Agresti, decir que los críticos opinan mal porque “no saben filmar un sapo” además de reaccionario y poco democrático es una estupidez. Es como cuestionar a un comentarista deportivo porque nunca pateó una pelota. Para el caso, la gente entonces aplaude, no sé, El secreto de sus ojos -que se ve que a usted le encantó- porque es ignorante y tampoco sabe filmar un sapo. Y lo digo yo, sin justificación alguna y sólo porque se me canta. A no ser que el público tenga una formación audiovisual que los críticos desconozcamos. En todo caso la realización y el disfrute del cine sólo debería quedar reservado a quienes saben filmar un sapo. Más allá del exabrupto intento demostrar el absurdo de estos argumentos que, si molestan, es porque se han convertido en un discurso demasiado instalado. En todo caso, siguiendo su lógica desmañada, le podría decir que la opinión de los directores de cine, en su gran mayoría, proviene de gente que no sabe opinar porque carece de elementos para formar un discurso, cosa que se aprende en la Escuela de Periodismo.

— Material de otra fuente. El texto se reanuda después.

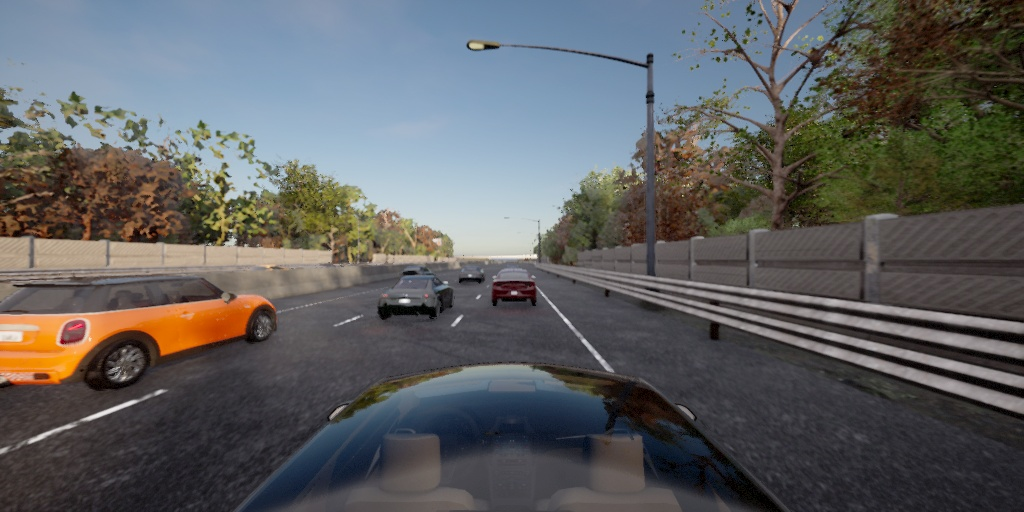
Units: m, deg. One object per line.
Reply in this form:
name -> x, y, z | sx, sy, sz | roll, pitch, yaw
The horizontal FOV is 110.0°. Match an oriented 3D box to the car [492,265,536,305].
car -> 0.093, 1.364, 16.934 | 1.882, 1.535, 5.008 | 0, 0, 0

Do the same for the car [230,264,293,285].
car -> -21.105, 1.500, 30.533 | 1.882, 1.535, 5.008 | 0, -1, 0

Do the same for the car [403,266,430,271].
car -> -6.911, 1.484, 26.401 | 1.837, 1.490, 4.892 | 0, -1, 0

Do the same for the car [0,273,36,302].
car -> -24.606, 1.475, 15.454 | 1.895, 1.301, 4.718 | 0, -1, 0

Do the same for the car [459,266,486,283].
car -> -3.411, 1.592, 31.246 | 1.994, 1.385, 4.181 | 0, -1, 0

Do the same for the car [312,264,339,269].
car -> -17.599, 1.546, 33.742 | 2.128, 1.511, 4.902 | 0, -1, 0

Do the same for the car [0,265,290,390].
car -> -6.902, 1.149, 7.063 | 2.097, 1.767, 4.553 | 0, -1, 0

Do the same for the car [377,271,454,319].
car -> -3.401, 1.417, 13.365 | 1.994, 1.385, 4.181 | 0, -1, 0
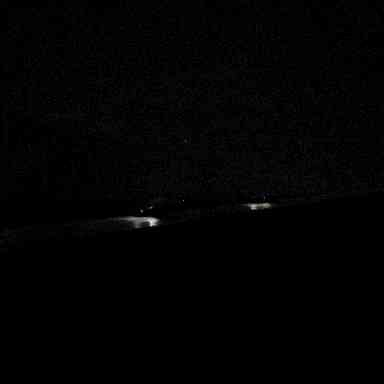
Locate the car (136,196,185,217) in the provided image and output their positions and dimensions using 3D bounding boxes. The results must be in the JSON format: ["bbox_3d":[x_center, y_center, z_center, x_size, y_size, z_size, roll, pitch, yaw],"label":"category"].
[{"bbox_3d":[-2.364,1.096,26.354,1.812,1.442,4.674,0,1,35],"label":"car"}]

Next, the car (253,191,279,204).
[{"bbox_3d":[9.609,0.634,43.163,1.882,1.535,5.008,0,1,36],"label":"car"}]

En el fondo, estimo, todos queremos que al cine nacional le vaya bien. No entender que en la variedad de propuestas y de gustos, pero siempre sosteniendo un criterio de calidad, se encuentra la clave es perder el norte. Recién con una base de buen cine, de películas festivaleras y de películas taquilleras, podremos lograr una industria. Creer que el camino es inverso es una gran equivocación. “Hay que recordar que la voluntad sirve para empezar a correr, no para terminar”.